Um ein Glasdeckglas zu montieren, geben Sie zwei Tropfen pro Objektträger des Einbettreagenzes zu den Proben. Drücken Sie vorsichtig auf den Deckglas, um Blasen zu entfernen, und lassen Sie die Proben eine Stunde lang bei Raumtemperatur trocknen. Bilden Sie mindestens 50 Zellen in verschiedenen Bereichen mit einem strukturierten Beleuchtungsfluoreszenz-Bildgebungssystem ab, das mit einem 60-fachen Ölobjektiv oder einer konfokalen Technologie ausgestattet ist.
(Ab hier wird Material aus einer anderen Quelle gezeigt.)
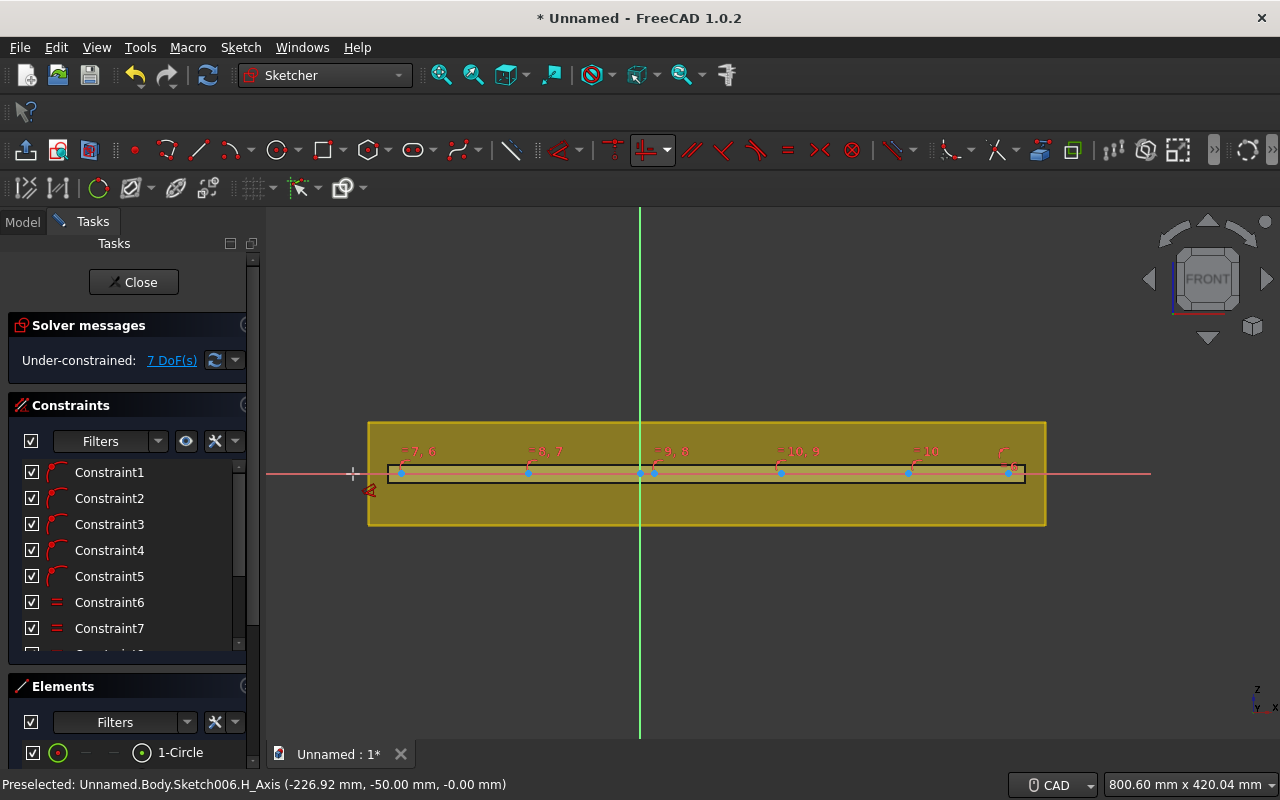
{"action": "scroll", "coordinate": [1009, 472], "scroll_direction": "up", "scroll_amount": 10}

Um die Zellen zu analysieren, isolieren Sie den interessierenden Bereich, indem Sie eine Kontur um die positive oder negative Zelle zeichnen und die Zuschneidefunktion verwenden. Aktivieren Sie als Nächstes Formdeskriptoren und beschränken Sie die Optionen für den Schwellenwert in der Funktion "Messwert". Passen Sie den Schwellenwert an, indem Sie die Schwellenwertfunktion im Anpassungsmenü auswählen.
Verwenden Sie schließlich das Werkzeug Partikel analysieren und legen Sie eine geeignete Größe fest, um die Mitochondrien zu erfassen. Stellen Sie beispielsweise die Größe auf 25 unendlich ein, aktivieren Sie dann Pixeleinheiten und wählen Sie Masken anzeigen"Substanzielle Nigra Pars Compacta von PFF-injizierten Mäusen, die für Tyrosinhydroxylase VDAC1, PS129 alpha-Synuclein und DAPI gefärbt sind, werden angezeigt. Die Anti-PS129-Alpha-Synuclein-Färbung ermöglichte es, Zellen, die PS129-Läsionen beherbergten, von gesunden Zellen zu unterscheiden.
Die Bildanalyse der VDAC1-Färbung von Tyrosinhydroxylase-positiven Neuronen ergab eine Verringerung sowohl der mitochondrialen Anzahl als auch des Aspektverhältnisses zwischen Neuronen mit PS129-Läsionen und Neuronen, denen diese fehlen.